Ultraclean low-swirl combustion (UCLSC) technology developed by Berkeley Lab combustion researcher Robert Cheng in California, can be adapted for use both in industrial and residential burners, and could also help to reduce emissions from domestic boilers.
When conventional burners use natural gas they produce nitrogen oxides (NOx), a family of gases that generate photochemical smog and haze which can damage human health. As a result, governments have been introducing regulations forcing NOx producers to install expensive catalytic emission reduction units or gas recycling burners to control NOx release.
The UCLSC burner mixes air with the gas before it burns to ensure the mixture is lean and burns completely.
Natural gas-fired industrial equipment emits around 100 parts per million of NOx, while a UCLSC burner produces below 10.
Cheng estimates that if residential and commercial burners all used UCLSC technology, just under 750,000 tons of NOx per year could be removed from the US atmosphere alone.
UCLSC burners are not only cleaner than conventional ones but can also be produced for the same price. ‘The system is mostly beneficial to commercial and industrial applications for heating and electricity generation of 30kW to over 50MW,’ said Cheng. ‘But it is also appropriate for home heating furnaces and water heaters.’
The system mixes air and fuel in a ratio that produces a lean mixture that burns completely.
Small air jets swirl the premixed flow inside the burner tube which is fitted with a swirler consisting of angled guide vanes around its outside edge. This mixes air with the gas and produces a divergent flow above the burner exit.
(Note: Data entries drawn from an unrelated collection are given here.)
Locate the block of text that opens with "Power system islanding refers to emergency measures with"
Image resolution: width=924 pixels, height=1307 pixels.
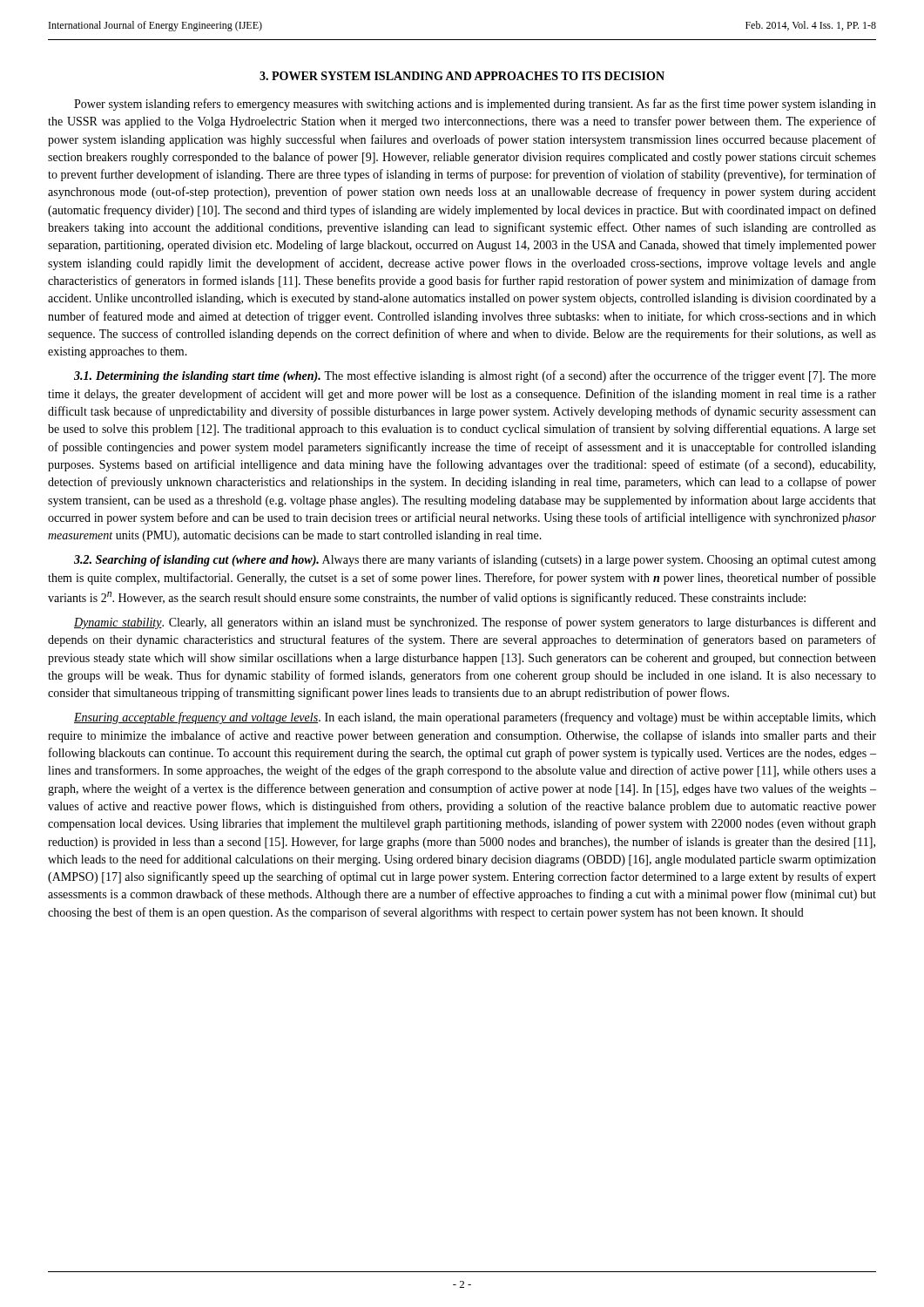coord(462,228)
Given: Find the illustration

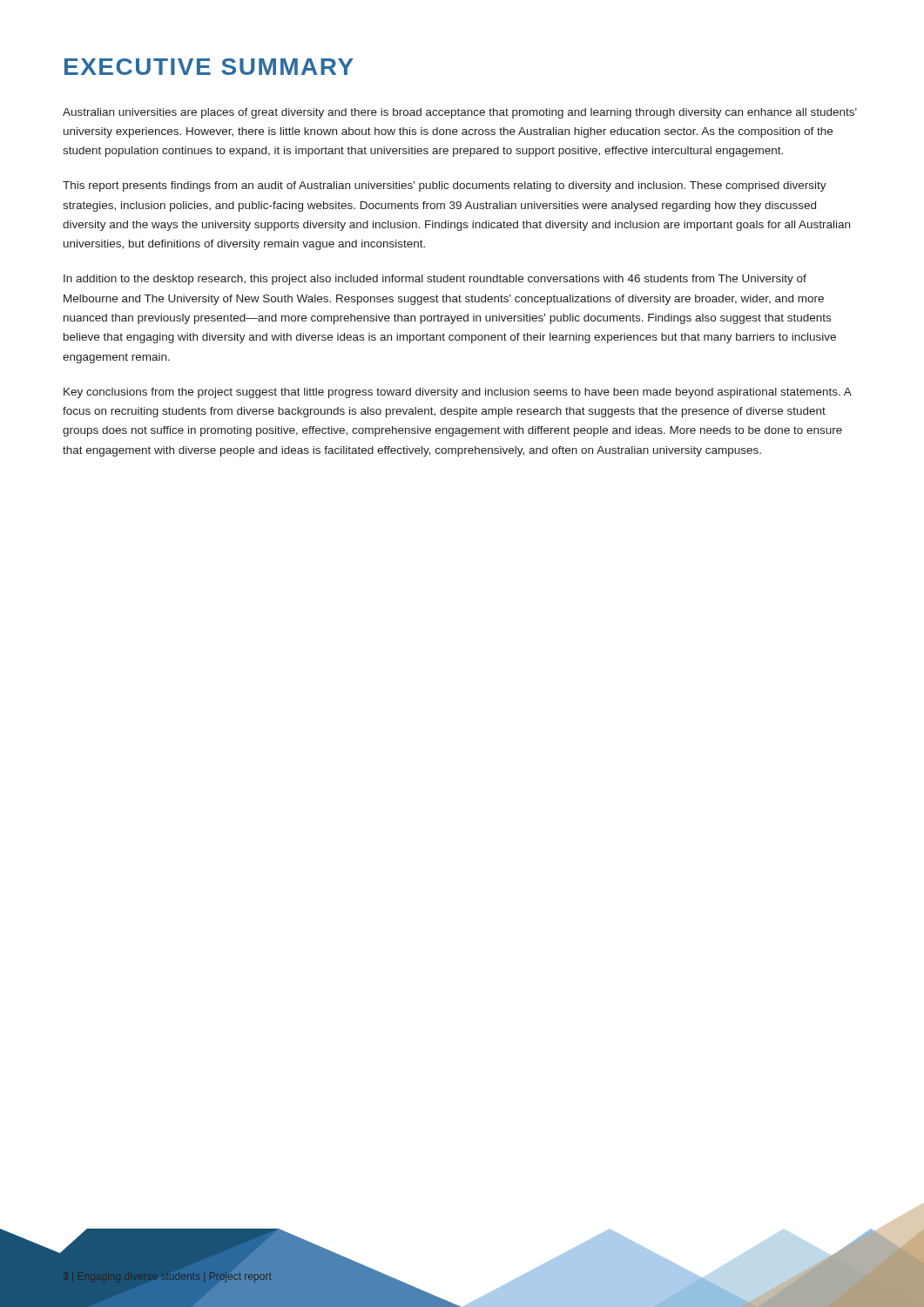Looking at the screenshot, I should [462, 1229].
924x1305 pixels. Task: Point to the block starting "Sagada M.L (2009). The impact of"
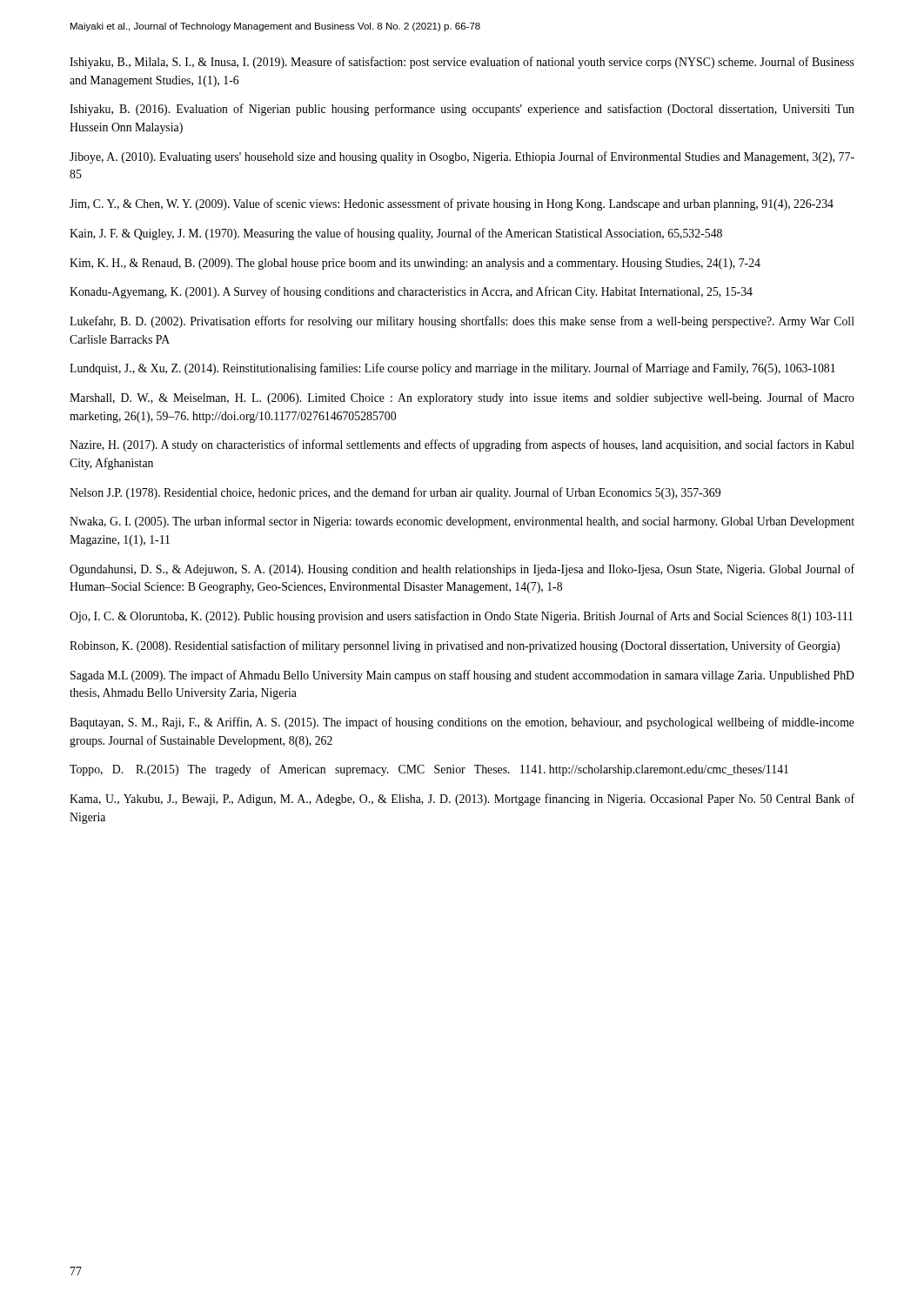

The result is a detached flame above the burner, making the system more efficient as the flame does not lose energy to its components as in established systems.Dr. Cheng made the flame stable by replacing a normal burner’s central bluff body with an open channel through the centre.
‘In a divergent flow, the flow velocity decreases away from the burner exit in a linear manner,’ said Cheng. ‘This allows the flame to propagate upstream against this velocity and it settles at the position where the local velocity is equal to the flame speed,’ he said. ‘This is the mechanism that stabilises the detached flame.’
Cheng is now seeking industrial partners to help commercialise the technology.
The cost of UCLSC home systems may be slightly higher than conventional ones as the burner requires the use of a small electric fan to supply the combustion air to the swirler, but the environmental benefits should ensure it is attractive to consumers.